» **PROBLEM**: Spot each line in the data below containing "dimzin" and copy it.

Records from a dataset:
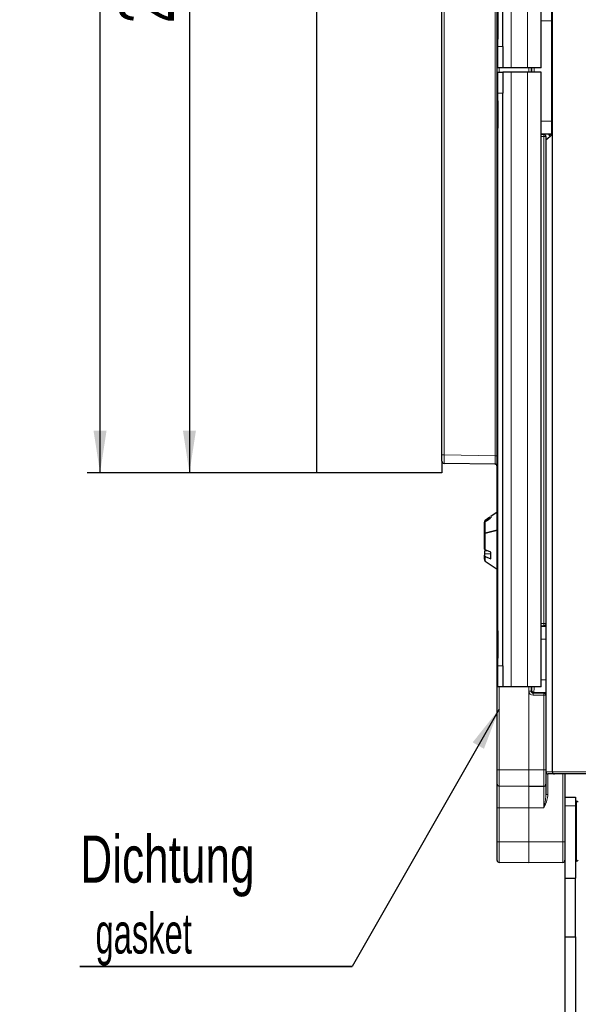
# Paper-space layout 'Blatt3' of a CAD drawing. Header units: millimetres. Extents: x 5 to 418, y 2 to 292.
# Tile 38 of 50: x 161 to 205, y 116 to 194. Entities that reach past the tile are written whole.
import ezdxf

# ---------------------------------------------------------------- set-up
doc = ezdxf.new("R2010")
doc.units = ezdxf.units.MM
doc.layers.add('SLD-0', color=7, linetype='Continuous')
doc.styles.add('SLDTEXTSTYLE0', font='TXT', dxfattribs={"width": 0.605})
doc.styles.add('SLDTEXTSTYLE2', font='TXT', dxfattribs={"width": 0.7})
doc.dimstyles.new('SLDDIMSTYLE0', dxfattribs={"dimtxt": 4.10931, "dimasz": 3.302, "dimexe": 0, "dimexo": 0.0625, "dimgap": 1.027327, "dimtad": 1, "dimlfac": 3, "dimrnd": 1e-09, "dimzin": 12, "dimdsep": 46, "dimtxsty": 'SLDTEXTSTYLE0', "dimsah": 1, "dimcen": 0.09, "dimadec": 0, "dimazin": 3, "dimtfac": 1, "dimtofl": 0, "dimtmove": 0, "dimatfit": 3, "dimfxl": 1, "dimfrac": 2, "dimtolj": 1, "dimtzin": 12, "dimarcsym": 0})
doc.dimstyles.new('SLDDIMSTYLE2', dxfattribs={"dimtxt": 4.10931, "dimasz": 3.302, "dimexe": 0, "dimexo": 0.0625, "dimgap": 1.027327, "dimtad": 1, "dimdec": 1, "dimlfac": 3, "dimrnd": 1e-09, "dimzin": 12, "dimdsep": 46, "dimtxsty": 'SLDTEXTSTYLE0', "dimsah": 1, "dimcen": 0.09, "dimadec": 0, "dimazin": 3, "dimtfac": 1, "dimtofl": 0, "dimtmove": 0, "dimatfit": 3, "dimfxl": 1, "dimfrac": 2, "dimtolj": 1, "dimtzin": 12, "dimarcsym": 0})

# ---------------------------------------------------------------- blocks, each defined once
blk = doc.blocks.new('_D_13')
at = {"layer": 'SLD-0', "color": 7}
for p, q in [((198.418, 242.945), (173.251, 242.945)), ((174.251, 242.945), (174.251, 158.115)), ((184.251, 158.115), (173.251, 158.115))]:
    blk.add_line(p, q, dxfattribs=at)
for points in [[(174.251, 242.945), (173.743, 239.643), (174.759, 239.643)], [(174.251, 158.115), (174.759, 161.417), (173.743, 161.417)]]:
    blk.add_solid(points, dxfattribs=at)
at = {"layer": 'SLD-0', "color": 7, "insert": (168.794, 193.475), "char_height": 4.2333, "attachment_point": 1, "rotation": 90, "style": 'SLDTEXTSTYLE0'}
blk.add_mtext('254,5', dxfattribs=at)
blk = doc.blocks.new('_D_17')
at = {"layer": 'SLD-0', "color": 7}
for p, q in [((200.915, 251.782), (166.229, 251.782)), ((167.229, 158.115), (167.229, 251.782)), ((184.251, 158.115), (166.229, 158.115))]:
    blk.add_line(p, q, dxfattribs=at)
for centre, start, end in [((164.074, 203.341), 63.43495, 116.56505), ((164.074, 206.555), 243.43495, 296.56505)]:
    blk.add_arc(centre, 7.056, start, end, dxfattribs=at)
for points in [[(167.229, 251.782), (166.721, 248.48), (167.737, 248.48)], [(167.229, 158.115), (167.737, 161.417), (166.721, 161.417)]]:
    blk.add_solid(points, dxfattribs=at)
at = {"layer": 'SLD-0', "color": 7, "insert": (161.772, 200.245), "char_height": 4.2333, "attachment_point": 1, "rotation": 90, "style": 'SLDTEXTSTYLE0'}
blk.add_mtext('281', dxfattribs=at)
blk = doc.blocks.new('SW_NOTE_0_56')
at = {"layer": 'SLD-0', "color": 0}
for p, q in [((-0.053, -5.507), (21.348, -5.507)), ((21.348, -5.507), (-0.053, -5.507)), ((-0.053, -5.507), (21.348, -5.507)), ((21.348, -5.507), (-0.053, -5.507)), ((-0.053, -5.507), (21.348, -5.507)), ((21.348, -5.507), (-0.053, -5.507))]:
    blk.add_line(p, q, dxfattribs=at)
at = {"layer": 'SLD-0', "color": 0, "attachment_point": 1}
for s, insert, char_height, style in [('Dichtung', (0, 4.775), 3.7042, 'SLDTEXTSTYLE2'), ('gasket', (1.191, -1.329), 3.175, 'SLDTEXTSTYLE0')]:
    blk.add_mtext(s, dxfattribs=dict(at, insert=insert, char_height=char_height, style=style))

psp = doc.layouts.new('Blatt3')

# ---------------------------------------------------------------- linework, layer by layer
at = {"color": 7, "linetype": 'Continuous', "lineweight": 25}
for p, q in [((198.4181, 134.7816), (198.4181, 245.4483)), ((184.2514, 158.1149), (184.2514, 240.4483)), ((194.0847, 159.5209), (194.0847, 240.4483)), ((202.7514, 239.7151), (202.7514, 134.6149)), ((198.4681, 189.9482), (198.4681, 238.2815)), ((201.868, 189.9482), (201.868, 238.2815)), ((198.4685, 191.6149), (198.4685, 236.6149)), ((198.8685, 191.6149), (198.8685, 236.6149)), ((198.4684, 189.9482), (198.4681, 189.9482)), ((198.4681, 141.2816), (198.4681, 189.615)), ((198.4684, 189.615), (198.4681, 189.615)), ((198.8684, 189.9482), (198.4684, 189.9482)), ((198.4684, 189.615), (198.8684, 189.615)), ((199.5347, 189.9482), (198.8684, 189.9482)), ((199.5347, 189.615), (198.8684, 189.615)), ((200.8014, 189.9482), (199.5347, 189.9482)), ((200.8014, 189.615), (199.5347, 189.615)), ((201.868, 189.9482), (200.8014, 189.9482)), ((201.868, 189.615), (200.8014, 189.615)), ((201.868, 141.2816), (201.868, 189.615)), ((198.4685, 142.9483), (198.4685, 187.9483)), ((198.8685, 142.9483), (198.8685, 187.9483)), ((202.4457, 184.7328), (201.868, 184.7323)), ((202.0847, 184.719), (201.868, 184.7192)), ((202.2514, 184.2874), (202.7514, 184.7069)), ((202.2514, 184.5494), (202.2514, 184.5449)), ((202.2514, 184.5449), (202.2514, 146.2683)), ((194.0847, 159.021), (194.0847, 159.5209)), ((194.0847, 159.021), (194.0847, 158.1149)), ((198.2543, 158.7844), (194.2485, 158.8543)), ((194.0847, 158.1149), (184.2514, 158.1149)), ((198.4181, 155.0316), (197.9181, 154.6815)), ((197.4181, 154.2398), (197.4181, 154.1411)), ((197.4181, 153.3191), (197.4181, 154.1411)), ((197.849, 154.6322), (197.4891, 154.3781)), ((197.9181, 154.6815), (197.9181, 154.5821)), ((197.4181, 153.316), (197.4181, 153.3191)), ((197.4181, 152.1554), (197.4181, 153.316)), ((198.4181, 153.6074), (197.4891, 153.3691)), ((197.4891, 153.366), (198.4181, 153.6043)), ((197.4181, 151.9951), (197.6301, 152.0057)), ((197.4181, 151.9951), (197.4181, 151.6974)), ((197.9181, 151.7536), (197.4181, 151.7112)), ((197.4181, 151.7112), (197.4181, 151.6338)), ((197.9181, 151.8778), (197.4891, 152.0683)), ((197.9181, 151.3561), (197.9181, 151.8778)), ((197.4181, 151.3186), (197.4181, 151.6338)), ((197.4891, 151.5467), (197.9181, 151.3561)), ((197.4891, 151.182), (198.4181, 150.5316)), ((202.2514, 146.2683), (202.2514, 146.2594)), ((202.2514, 146.2594), (202.2514, 140.6371)), ((198.4684, 141.2816), (198.4681, 141.2816)), ((198.8684, 141.2816), (198.4684, 141.2816)), ((199.5347, 141.2816), (198.8684, 141.2816)), ((200.8014, 141.2816), (199.5347, 141.2816)), ((201.868, 141.2816), (200.8014, 141.2816)), ((202.2514, 140.6371), (202.2514, 140.6282)), ((202.2514, 140.6282), (202.2514, 134.7816)), ((198.4181, 133.6557), (198.4181, 134.7816)), ((202.2514, 134.7816), (202.2514, 133.6353)), ((202.9181, 134.4483), (202.4181, 134.4483)), ((206.7514, 134.4483), (202.9181, 134.4483)), ((203.7514, 134.4483), (203.7514, 129.1149)), ((198.4181, 131.7816), (198.4181, 133.6557)), ((200.9152, 133.4483), (198.5818, 133.489)), ((202.0876, 133.4687), (200.921, 133.4483)), ((202.2514, 133.6353), (202.2514, 132.8338)), ((203.7514, 132.6149), (204.5847, 132.6149)), ((204.5847, 132.6149), (204.5847, 131.9483)), ((198.4181, 129.1149), (198.4181, 131.7816)), ((204.6452, 132.3149), (204.5847, 132.3149)), ((204.5847, 131.9483), (204.5847, 126.2483)), ((198.4181, 127.6557), (198.4181, 129.1149)), ((203.7514, 129.1149), (203.7514, 128.5364)), ((203.7514, 128.5364), (203.7514, 126.2483)), ((200.9152, 127.4483), (198.5818, 127.489)), ((203.5876, 127.4949), (200.921, 127.4483)), ((204.5847, 127.5816), (204.6452, 127.5816)), ((203.7514, 126.2483), (204.5847, 126.2483)), ((203.7514, 126.2483), (203.7514, 121.6483)), ((204.5847, 121.6483), (204.5847, 126.2483)), ((203.7514, 121.6483), (203.7514, 93.2816)), ((203.7514, 121.6483), (204.5847, 121.6483)), ((204.5847, 121.6483), (204.5847, 93.2816))]:
    psp.add_line(p, q, dxfattribs=at)
at = {"color": 7, "linetype": 'Continuous', "lineweight": 18}
for p, q in [((194.2485, 240.4483), (194.2485, 159.5209)), ((198.2543, 159.451), (198.2543, 240.4483)), ((199.5347, 189.9482), (199.5347, 238.2815)), ((200.8014, 189.9482), (200.8014, 238.2815)), ((201.868, 193.6322), (202.681, 193.6322)), ((202.7514, 193.6322), (202.681, 193.6322)), ((202.681, 185.7643), (202.681, 193.6322)), ((198.4685, 191.6149), (198.8685, 191.6149)), ((198.5818, 189.9482), (198.5818, 189.615)), ((199.5347, 141.2816), (199.5347, 189.615)), ((200.8014, 141.2816), (200.8014, 189.615)), ((200.9152, 189.615), (200.9152, 189.9482)), ((200.921, 189.9482), (200.921, 189.615)), ((200.9239, 189.615), (200.9239, 189.9482)), ((201.0876, 189.9482), (201.0876, 189.615)), ((201.1552, 189.615), (201.1552, 189.9482)), ((201.3218, 189.9482), (201.3218, 189.615)), ((198.8685, 187.9483), (198.4685, 187.9483)), ((201.868, 185.7643), (202.681, 185.7643)), ((202.7514, 185.7643), (202.681, 185.7643)), ((201.868, 184.7644), (202.6953, 184.7644)), ((201.868, 184.7114), (202.0847, 184.7115)), ((202.0876, 184.5449), (201.868, 184.5448)), ((202.0847, 184.7115), (202.0847, 184.719)), ((202.0876, 146.2683), (202.0876, 184.5449)), ((202.2514, 184.5449), (202.0876, 184.5449)), ((202.7238, 184.7359), (202.6953, 184.7644)), ((194.0847, 159.5209), (194.2485, 159.5209)), ((194.2485, 159.5209), (198.2543, 159.451)), ((198.2543, 159.451), (198.4181, 159.451)), ((197.4891, 153.3691), (197.4891, 154.2795)), ((197.4891, 152.0683), (197.4891, 153.366)), ((197.4891, 151.182), (197.4891, 151.5467)), ((201.868, 146.2684), (202.0876, 146.2683)), ((202.0847, 146.1017), (201.868, 146.1018)), ((201.868, 146.0487), (202.2514, 146.0487)), ((202.0847, 146.0834), (202.0847, 146.1017)), ((202.2514, 146.2683), (202.0876, 146.2683)), ((201.868, 145.0489), (202.2514, 145.0489)), ((198.4685, 142.9483), (198.8685, 142.9483)), ((201.868, 141.8476), (202.2514, 141.8476)), ((198.5818, 141.2816), (198.5818, 134.7816)), ((200.9152, 134.7816), (200.9152, 141.2816)), ((200.921, 141.2816), (200.921, 134.7816)), ((200.9239, 140.9611), (200.9239, 141.2816)), ((201.0876, 140.9611), (200.9239, 140.9611)), ((201.0876, 141.2816), (201.0876, 140.9611)), ((201.0876, 140.9611), (201.1409, 141.0144)), ((201.3075, 140.8478), (201.2543, 140.7946)), ((201.2543, 140.7946), (202.0847, 140.7948)), ((202.0876, 140.6282), (201.2572, 140.6279)), ((201.3075, 140.8478), (202.2514, 140.8478)), ((202.0847, 140.7948), (202.0847, 140.8131)), ((202.0876, 134.7816), (202.0876, 140.6282)), ((202.0876, 140.6282), (202.2514, 140.6282)), ((198.4181, 134.7816), (198.5818, 134.7816)), ((198.5818, 134.7816), (198.5818, 133.489)), ((198.5818, 134.7816), (200.9152, 134.7816)), ((200.9152, 133.4483), (200.9152, 134.7816)), ((200.9152, 134.7816), (200.921, 134.7816)), ((200.921, 134.7816), (200.921, 133.4483)), ((200.921, 134.7816), (202.0876, 134.7816)), ((202.0876, 133.4687), (202.0876, 134.7816)), ((202.2514, 134.7816), (202.0876, 134.7816)), ((202.2514, 134.6149), (202.7514, 134.6149)), ((202.4152, 134.4483), (202.4152, 132.8338)), ((202.7514, 134.6149), (206.7544, 134.6149)), ((203.5876, 129.1149), (203.5876, 134.4483)), ((198.5818, 133.489), (198.5818, 131.7816)), ((200.9152, 131.7816), (200.9152, 133.4483)), ((200.921, 133.4483), (200.921, 131.7816)), ((202.0876, 131.7816), (202.0876, 133.4687)), ((202.2514, 132.8338), (202.4152, 132.8338)), ((198.4181, 131.7816), (198.5818, 131.7816)), ((200.9152, 131.7816), (198.5818, 131.7816)), ((198.5818, 131.7816), (198.5818, 129.1149)), ((200.9152, 131.7816), (200.921, 131.7816)), ((200.9152, 129.1149), (200.9152, 131.7816)), ((202.0876, 131.7816), (200.921, 131.7816)), ((200.921, 131.7816), (200.921, 129.1149)), ((203.7514, 131.9483), (204.5847, 131.9483)), ((204.6452, 127.5816), (204.6452, 132.3149)), ((198.4181, 129.1149), (198.5818, 129.1149)), ((198.5818, 129.1149), (198.5818, 127.489)), ((198.5818, 129.1149), (200.9152, 129.1149)), ((200.9152, 129.1149), (200.921, 129.1149)), ((200.9152, 127.4483), (200.9152, 129.1149)), ((200.921, 129.1149), (203.5876, 129.1149)), ((200.921, 129.1149), (200.921, 127.4483)), ((203.5876, 127.4949), (203.5876, 129.1149)), ((203.5876, 129.1149), (203.7514, 129.1149))]:
    psp.add_line(p, q, dxfattribs=at)
at = {"color": 7, "linetype": 'Continuous', "lineweight": 25, "flags": 128}
for points in [[(198.4683, 193.2815), (198.4683, 193.6333), (198.4683, 193.9469), (198.4683, 194.1885), (198.4683, 194.3317), (198.4683, 194.3612), (198.4684, 194.2736), (198.4684, 194.0786), (198.4684, 193.7971), (198.4684, 193.4598), (198.4684, 193.1032), (198.4684, 192.7659), (198.4684, 192.4845), (198.4684, 192.2895), (198.4683, 192.2019), (198.4683, 192.2314), (198.4683, 192.3746), (198.4683, 192.6161), (198.4683, 192.9298), (198.4683, 193.2815)], [(198.4684, 189.9482), (198.4684, 189.9802), (198.4684, 190.0751), (198.4685, 190.2291), (198.4685, 190.4364), (198.4685, 190.6889), (198.4685, 190.9771), (198.4685, 191.2897), (198.4685, 191.6149)], [(198.8685, 191.6149), (198.8685, 191.2897), (198.8685, 190.9771), (198.8685, 190.6889), (198.8685, 190.4364), (198.8685, 190.2291), (198.8684, 190.0751), (198.8684, 189.9802), (198.8684, 189.9482)], [(198.4685, 187.9483), (198.4685, 188.2735), (198.4685, 188.5861), (198.4685, 188.8743), (198.4685, 189.1268), (198.4685, 189.3341), (198.4684, 189.4881), (198.4684, 189.5829), (198.4684, 189.615)], [(198.8684, 189.615), (198.8684, 189.5829), (198.8684, 189.4881), (198.8685, 189.3341), (198.8685, 189.1268), (198.8685, 188.8743), (198.8685, 188.5861), (198.8685, 188.2735), (198.8685, 187.9483)], [(198.4684, 186.2816), (198.4684, 185.9299), (198.4684, 185.6162), (198.4684, 185.3747), (198.4683, 185.2315), (198.4683, 185.202), (198.4683, 185.2896), (198.4683, 185.4846), (198.4683, 185.766), (198.4683, 186.1033), (198.4683, 186.46), (198.4683, 186.7973), (198.4683, 187.0787), (198.4683, 187.2737), (198.4683, 187.3613), (198.4683, 187.3318), (198.4684, 187.1886), (198.4684, 186.947), (198.4684, 186.6334), (198.4684, 186.2816)], [(198.4683, 144.615), (198.4683, 144.9667), (198.4683, 145.2804), (198.4683, 145.5219), (198.4683, 145.6652), (198.4683, 145.6946), (198.4684, 145.6071), (198.4684, 145.412), (198.4684, 145.1306), (198.4684, 144.7933), (198.4684, 144.4367), (198.4684, 144.0994), (198.4684, 143.8179), (198.4684, 143.6229), (198.4683, 143.5353), (198.4683, 143.5648), (198.4683, 143.708), (198.4683, 143.9496), (198.4683, 144.2632), (198.4683, 144.615)], [(198.4684, 141.2816), (198.4684, 141.3137), (198.4684, 141.4085), (198.4685, 141.5625), (198.4685, 141.7698), (198.4685, 142.0224), (198.4685, 142.3105), (198.4685, 142.6232), (198.4685, 142.9483)], [(198.8685, 142.9483), (198.8685, 142.6232), (198.8685, 142.3105), (198.8685, 142.0224), (198.8685, 141.7698), (198.8685, 141.5625), (198.8684, 141.4085), (198.8684, 141.3137), (198.8684, 141.2816)]]:
    psp.add_lwpolyline(points, dxfattribs=at)
at = {"color": 7, "linetype": 'Continuous', "lineweight": 18, "flags": 128}
psp.add_lwpolyline([(202.7514, 184.7742), (202.7278, 184.7677), (202.6953, 184.7644)], dxfattribs=at)
at = {"color": 7, "linetype": 'Continuous', "lineweight": 18}
for centre, radius, start, end in [((199.5998, 184.5848), 2.4881, 359.08066, 2.91934), ((202.0847, 184.5448), 0.1667, 0.004364, 90.004363), ((199.5998, 146.2284), 2.4881, 357.08066, 0.91934), ((202.0847, 146.2683), 0.1667, 269.995637, 359.995636), ((202.0847, 146.25), 0.1667, 269.995637, 359.995636), ((201.3076, 141.0145), 0.1667, 180.020437, 269.979563), ((198.7694, 140.6679), 2.4881, 359.08066, 2.91934), ((202.0847, 140.6465), 0.1667, 0.004364, 90.004363), ((199.5998, 140.6681), 2.4881, 359.08066, 2.91934), ((202.0847, 140.6282), 0.1667, 0.004364, 90.004363)]:
    psp.add_arc(centre, radius, start, end, dxfattribs=at)
at = {"color": 7, "linetype": 'Continuous', "lineweight": 25}
for centre, start, end in [((194.2514, 159.021), 180, 269), ((198.2514, 158.6178), 0, 89), ((197.5847, 151.3186), 180, 235), ((202.4181, 134.6149), 180, 270), ((202.9181, 134.6149), 180, 270), ((198.5847, 133.6557), 180, 269), ((200.9181, 133.6149), 269, 271), ((202.0847, 133.6353), 271, 0), ((204.6452, 132.1483), 25, 90), ((198.5847, 127.6557), 180, 269), ((200.9181, 127.6149), 269, 271), ((203.5847, 127.6615), 271, 0), ((204.6452, 127.7483), 270, 335)]:
    psp.add_arc(centre, 0.1667, start, end, dxfattribs=at)
at = {"color": 7, "linetype": 'Continuous', "lineweight": 18}
for centre, major_axis, ratio, start_param, end_param in [((202.6955, 193.6322), (0, 1), 0.0145459, 0.3431161, 1.5707963), ((202.6955, 185.7643), (0, 1), 0.0145459, 1.5707963, 3.1241394), ((202.7324, 184.9027), (0.0966, 0.3191), 0.9989017, 2.3989805, 3.0706551), ((194.2514, 159.5211), (0.0029, 0.6667), 0.0043617, 1.5710438, 3.1415356), ((198.2514, 159.4512), (-0.0029, 0.6668), 0.0043604, 3.1414975, 4.7119893), ((201.2573, 140.9613), (0.2837, 0.1754), 0.999319, 2.588262, 4.1587537), ((201.2544, 140.9613), (0.1382, 0.0936), 0.9983616, 2.546789, 4.1172807), ((201.1406, 141.8476), (0, 0.8333), 0.0174551, 3.1590459, 3.9657499), ((201.3073, 141.8476), (0, 1), 0.0145459, 3.1590459, 4.1107677)]:
    psp.add_ellipse(centre, major_axis=major_axis, ratio=ratio, start_param=start_param, end_param=end_param, dxfattribs=at)
at = {"color": 7, "linetype": 'Continuous', "lineweight": 25}
for centre, major_axis, ratio, start_param, end_param in [((202.0847, 184.5523), (-0.1078, 0.1273), 0.9990731, 5.5277009, 5.5800607), ((202.0847, 184.5494), (0, 0.1696), 0.9826973, 4.712389, 6.2308254), ((202.4181, 146.0834), (0.3333, 0), 0.0174551, 3.1415927, 4.1887902), ((202.4181, 140.8131), (0.3333, 0), 0.0174551, 2.0943951, 3.1415927)]:
    psp.add_ellipse(centre, major_axis=major_axis, ratio=ratio, start_param=start_param, end_param=end_param, dxfattribs=at)
for points, knots in [([(202.4457, 184.7328), (202.4738, 184.7329), (202.5405, 184.7331), (202.6354, 184.7342), (202.6927, 184.7353), (202.7235, 184.7359), (202.7238, 184.7359)], [0, 0, 0, 0, 0.2498278, 0.5935124, 0.9955938, 1, 1, 1, 1]), ([(198.4181, 158.7816), (198.409, 158.7817), (198.3867, 158.7821), (198.3016, 158.7836), (198.2547, 158.7844), (198.2543, 158.7844)], [0, 0, 0, 0, 0.40153587, 0.99433077, 1, 1, 1, 1]), ([(197.4891, 154.3781), (197.4835, 154.3738), (197.4693, 154.3629), (197.4447, 154.3349), (197.4225, 154.2924), (197.4195, 154.2565), (197.4181, 154.2398)], [0, 0, 0, 0, 0.1308005, 0.3322079, 0.6894707, 1, 1, 1, 1]), ([(197.4181, 154.1411), (197.4181, 154.1447), (197.4186, 154.1678), (197.4274, 154.2033), (197.452, 154.2476), (197.4755, 154.2678), (197.4891, 154.2795)], [0, 0, 0, 0, 0.0670864, 0.4308617, 0.6686499, 1, 1, 1, 1]), ([(197.4891, 154.2795), (197.609, 154.3642), (197.7519, 154.4652), (197.895, 154.5659), (197.9181, 154.5821)], [0, 0, 0, 0, 0.8391761, 1, 1, 1, 1]), ([(197.4891, 153.3691), (197.4749, 153.3646), (197.4465, 153.3557), (197.4224, 153.3375), (197.4194, 153.3249), (197.4181, 153.3191)], [0, 0, 0, 0, 0.3508054, 0.70211437, 1, 1, 1, 1]), ([(197.4181, 153.316), (197.4181, 153.3171), (197.4185, 153.3249), (197.4277, 153.3396), (197.4543, 153.3557), (197.479, 153.363), (197.4891, 153.366)], [0, 0, 0, 0, 0.05404967, 0.40520184, 0.75635395, 1, 1, 1, 1]), ([(197.4891, 152.0683), (197.4748, 152.0762), (197.4463, 152.0919), (197.4224, 152.1234), (197.4194, 152.1453), (197.4181, 152.1554)], [0, 0, 0, 0, 0.34985579, 0.69997085, 1, 1, 1, 1]), ([(197.4181, 151.6338), (197.4181, 151.6316), (197.4186, 151.6172), (197.4288, 151.5908), (197.4562, 151.5633), (197.4803, 151.5512), (197.4891, 151.5467)], [0, 0, 0, 0, 0.0645726, 0.4284294, 0.7891973, 1, 1, 1, 1])]:
    psp.add_open_spline(points, degree=3, knots=knots, dxfattribs=at)
at = {"color": 7, "linetype": 'Continuous', "lineweight": 18}
for points, knots in [([(202.2514, 132.8338), (202.2411, 132.6956), (202.2154, 132.3489), (202.1328, 131.9957), (202.088, 131.7831), (202.0876, 131.7816)], [0, 0, 0, 0, 0.3970256, 0.99559022, 1, 1, 1, 1]), ([(202.4152, 132.8338), (202.3958, 132.6802), (202.3495, 132.313), (202.1796, 131.9782), (202.0883, 131.7829), (202.0876, 131.7816)], [0, 0, 0, 0, 0.4166128, 0.9959381, 1, 1, 1, 1])]:
    psp.add_open_spline(points, degree=3, knots=knots, dxfattribs=at)
at = {"layer": 'SLD-0', "color": 7}
psp.add_line((198.5818, 139.5458), (187.0298, 119.3256), dxfattribs=at)
psp.add_solid([(198.5818, 139.5458), (196.5027, 136.9307), (197.3849, 136.4267)], dxfattribs=at)

# ---------------------------------------------------------------- block references
psp.add_blockref('SW_NOTE_0_56', (165.6821, 124.8327), dxfattribs=at)

# ---------------------------------------------------------------- dimensions: what is measured, and where the dimension line sits
dim = psp.add_linear_dim(base=(167.2293, 251.7815), p1=(184.2514, 158.1149), p2=(200.9152, 251.7815), angle=90, text='(<>)', dimstyle='SLDDIMSTYLE0', dxfattribs=at)
dim.commit()
dim.dimension.update_dxf_attribs({"geometry": '_D_17', "text_midpoint": (167.2293, 204.9482), "dimtype": 160})
dim = psp.add_linear_dim(base=(174.2514, 158.1149), p1=(198.4181, 242.9454), p2=(184.2514, 158.1149), angle=90, dimstyle='SLDDIMSTYLE2', dxfattribs=at)
dim.commit()
dim.dimension.update_dxf_attribs({"geometry": '_D_13', "text_midpoint": (174.2514, 200.5301), "dimtype": 160})

doc.saveas('drawing.dxf')

» **SOLUTION BELOW**:
doc.dimstyles.new('SLDDIMSTYLE0', dxfattribs={"dimtxt": 4.10931, "dimasz": 3.302, "dimexe": 0, "dimexo": 0.0625, "dimgap": 1.027327, "dimtad": 1, "dimlfac": 3, "dimrnd": 1e-09, "dimzin": 12, "dimdsep": 46, "dimtxsty": 'SLDTEXTSTYLE0', "dimsah": 1, "dimcen": 0.09, "dimadec": 0, "dimazin": 3, "dimtfac": 1, "dimtofl": 0, "dimtmove": 0, "dimatfit": 3, "dimfxl": 1, "dimfrac": 2, "dimtolj": 1, "dimtzin": 12, "dimarcsym": 0})
doc.dimstyles.new('SLDDIMSTYLE2', dxfattribs={"dimtxt": 4.10931, "dimasz": 3.302, "dimexe": 0, "dimexo": 0.0625, "dimgap": 1.027327, "dimtad": 1, "dimdec": 1, "dimlfac": 3, "dimrnd": 1e-09, "dimzin": 12, "dimdsep": 46, "dimtxsty": 'SLDTEXTSTYLE0', "dimsah": 1, "dimcen": 0.09, "dimadec": 0, "dimazin": 3, "dimtfac": 1, "dimtofl": 0, "dimtmove": 0, "dimatfit": 3, "dimfxl": 1, "dimfrac": 2, "dimtolj": 1, "dimtzin": 12, "dimarcsym": 0})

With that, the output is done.